> _EXERCISE OBJECTIVE_
Write out, character for character, the line containing "msp.add_line(p, q, dxfattribs=at)" and all lines after it up to the end of the listing.

> _DATA FOR THIS EXERCISE_
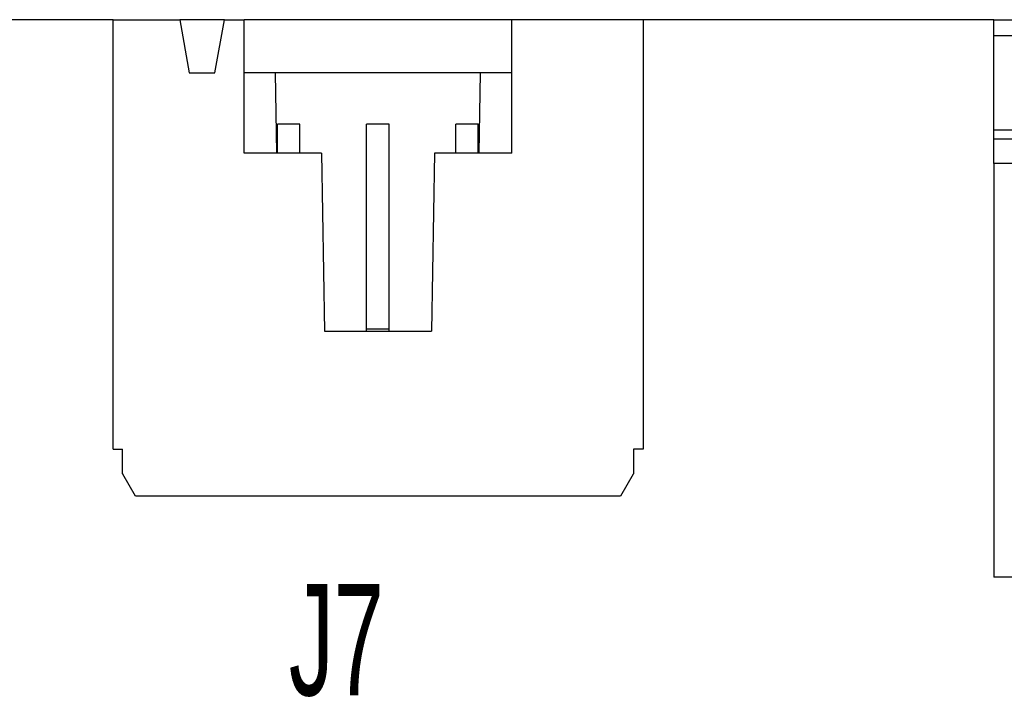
# Model space of a CAD drawing. Header units: millimetres. Extents: x 114 to 280, y 84 to 210.
# Tile 3 of 9: x 197 to 225, y 185 to 204. Entities that reach past the tile are written whole.
import ezdxf

# ---------------------------------------------------------------- set-up
doc = ezdxf.new("R2010")
doc.units = ezdxf.units.MM
doc.styles.add('SLDTEXTSTYLE0', font='TXT', dxfattribs={"width": 0.605})

msp = doc.modelspace()

# ---------------------------------------------------------------- linework, layer by layer
at = {"color": 7, "linetype": 'Continuous', "lineweight": 25}
for p, q in [((199.18, 204.15), (189.18, 204.15)), ((199.18, 191.895), (199.18, 204.15)), ((199.18, 204.15), (201.085, 204.15)), ((201.085, 204.15), (201.353, 202.63)), ((202.355, 204.15), (201.085, 204.15)), ((202.087, 202.63), (202.355, 204.15)), ((202.355, 204.15), (202.92, 204.15)), ((210.55, 204.15), (202.92, 204.15)), ((202.92, 202.63), (202.92, 204.15)), ((210.55, 202.63), (210.55, 204.15)), ((214.29, 204.15), (210.55, 204.15)), ((214.29, 204.15), (214.29, 191.895)), ((224.295, 204.15), (214.29, 204.15)), ((224.295, 203.7), (224.295, 204.15)), ((224.295, 204.15), (225.795, 204.15)), ((224.29, 201), (224.29, 203.7)), ((224.29, 203.7), (225.79, 203.7)), ((201.353, 202.63), (202.087, 202.63)), ((203.811, 202.63), (202.92, 202.63)), ((202.92, 200.34), (202.92, 202.63)), ((203.851, 200.34), (203.811, 202.63)), ((209.658, 202.63), (203.811, 202.63)), ((209.618, 200.34), (209.658, 202.63)), ((210.55, 202.63), (209.658, 202.63)), ((210.55, 200.34), (210.55, 202.63)), ((204.51, 201.165), (203.87, 201.165)), ((203.87, 200.34), (203.87, 201.165)), ((204.51, 200.34), (204.51, 201.165)), ((207.05, 201.165), (206.41, 201.165)), ((206.41, 195.323), (206.41, 201.165)), ((207.05, 195.323), (207.05, 201.165)), ((209.59, 201.165), (208.95, 201.165)), ((208.95, 200.34), (208.95, 201.165)), ((209.59, 200.34), (209.59, 201.165)), ((225.79, 201), (224.29, 201)), ((224.29, 200.75), (224.29, 201)), ((224.29, 200.75), (231.69, 200.75)), ((224.29, 200.05), (224.29, 200.75)), ((203.851, 200.34), (202.92, 200.34)), ((205.121, 200.34), (203.851, 200.34)), ((205.121, 200.34), (205.21, 195.26)), ((208.348, 200.34), (208.26, 195.26)), ((209.618, 200.34), (208.348, 200.34)), ((210.55, 200.34), (209.618, 200.34)), ((230.99, 200.05), (224.29, 200.05)), ((224.29, 200.05), (224.29, 188.25)), ((205.21, 195.26), (208.26, 195.26)), ((206.41, 195.26), (206.41, 195.323)), ((207.05, 195.323), (206.41, 195.323)), ((207.05, 195.26), (207.05, 195.323)), ((199.18, 191.895), (199.455, 191.895)), ((199.455, 191.195), (199.455, 191.895)), ((214.015, 191.895), (214.015, 191.195)), ((214.29, 191.895), (214.015, 191.895)), ((199.818, 190.56), (199.457, 191.185)), ((214.012, 191.185), (213.651, 190.56)), ((213.651, 190.56), (199.818, 190.56)), ((225.44, 188.25), (224.29, 188.25))]:
    msp.add_line(p, q, dxfattribs=at)
for centre, start, end in [((199.475, 191.195), 180, 210), ((213.995, 191.195), 330, 0)]:
    msp.add_arc(centre, 0.02, start, end, dxfattribs=at)

# ---------------------------------------------------------------- texts
at = {"color": 7, "linetype": 'Continuous', "lineweight": 0, "insert": (204.192, 188.049), "char_height": 3.175, "attachment_point": 1, "style": 'SLDTEXTSTYLE0'}
msp.add_mtext('J7', dxfattribs=at)

doc.saveas('drawing.dxf')

> _EXERCISE OUTPUT_
    msp.add_line(p, q, dxfattribs=at)
for centre, start, end in [((199.475, 191.195), 180, 210), ((213.995, 191.195), 330, 0)]:
    msp.add_arc(centre, 0.02, start, end, dxfattribs=at)

# ---------------------------------------------------------------- texts
at = {"color": 7, "linetype": 'Continuous', "lineweight": 0, "insert": (204.192, 188.049), "char_height": 3.175, "attachment_point": 1, "style": 'SLDTEXTSTYLE0'}
msp.add_mtext('J7', dxfattribs=at)

doc.saveas('drawing.dxf')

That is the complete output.